■ **Aim of the task**: Each line of the data below that includes the string "Ciência" must be copied.

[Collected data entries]
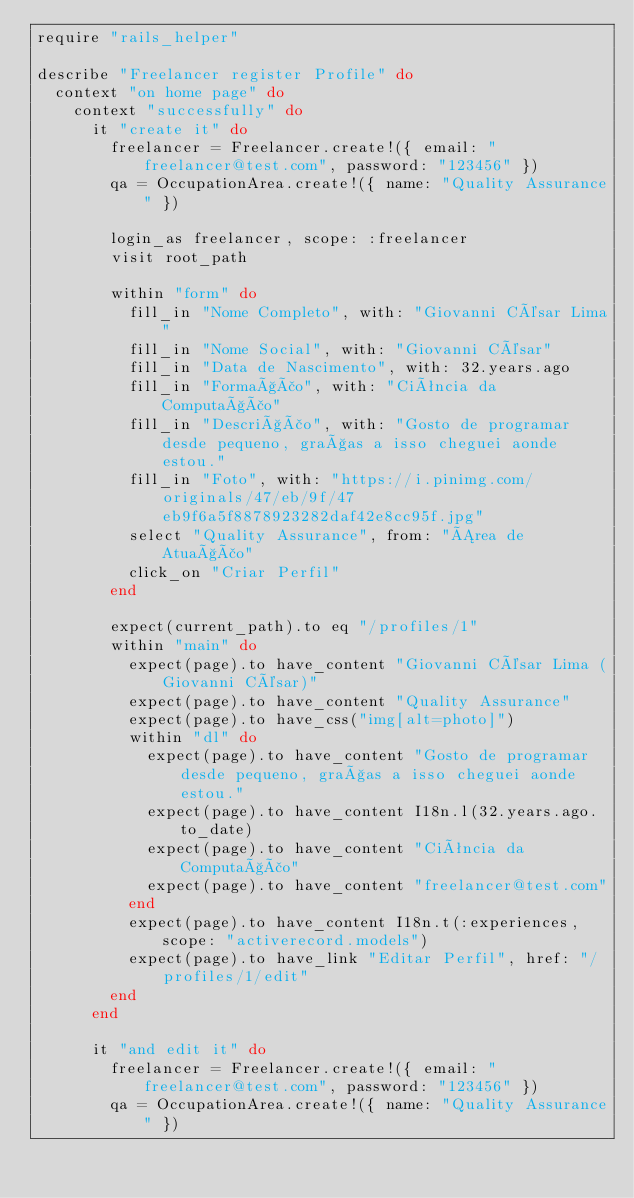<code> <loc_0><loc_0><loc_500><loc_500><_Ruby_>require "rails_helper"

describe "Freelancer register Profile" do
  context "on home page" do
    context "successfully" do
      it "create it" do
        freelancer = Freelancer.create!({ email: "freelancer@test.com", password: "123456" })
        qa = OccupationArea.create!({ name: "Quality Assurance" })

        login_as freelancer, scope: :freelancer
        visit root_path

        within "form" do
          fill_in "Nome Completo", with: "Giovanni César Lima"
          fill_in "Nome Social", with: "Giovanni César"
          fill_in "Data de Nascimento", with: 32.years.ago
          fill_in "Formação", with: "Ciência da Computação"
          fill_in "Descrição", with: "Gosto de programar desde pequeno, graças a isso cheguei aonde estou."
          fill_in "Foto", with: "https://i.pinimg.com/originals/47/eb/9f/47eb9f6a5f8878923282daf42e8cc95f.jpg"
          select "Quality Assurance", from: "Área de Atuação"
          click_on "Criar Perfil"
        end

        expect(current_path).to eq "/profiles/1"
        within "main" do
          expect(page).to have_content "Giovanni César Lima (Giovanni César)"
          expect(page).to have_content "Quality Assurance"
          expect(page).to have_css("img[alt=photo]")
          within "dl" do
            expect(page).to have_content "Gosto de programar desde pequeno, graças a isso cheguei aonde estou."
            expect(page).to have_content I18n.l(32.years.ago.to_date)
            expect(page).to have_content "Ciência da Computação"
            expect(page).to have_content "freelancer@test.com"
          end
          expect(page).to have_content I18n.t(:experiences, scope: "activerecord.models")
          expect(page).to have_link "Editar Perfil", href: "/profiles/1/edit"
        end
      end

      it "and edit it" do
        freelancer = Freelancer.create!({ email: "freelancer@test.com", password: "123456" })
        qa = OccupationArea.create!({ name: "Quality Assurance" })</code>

■ **Result of the task**:
          fill_in "Formação", with: "Ciência da Computação"
            expect(page).to have_content "Ciência da Computação"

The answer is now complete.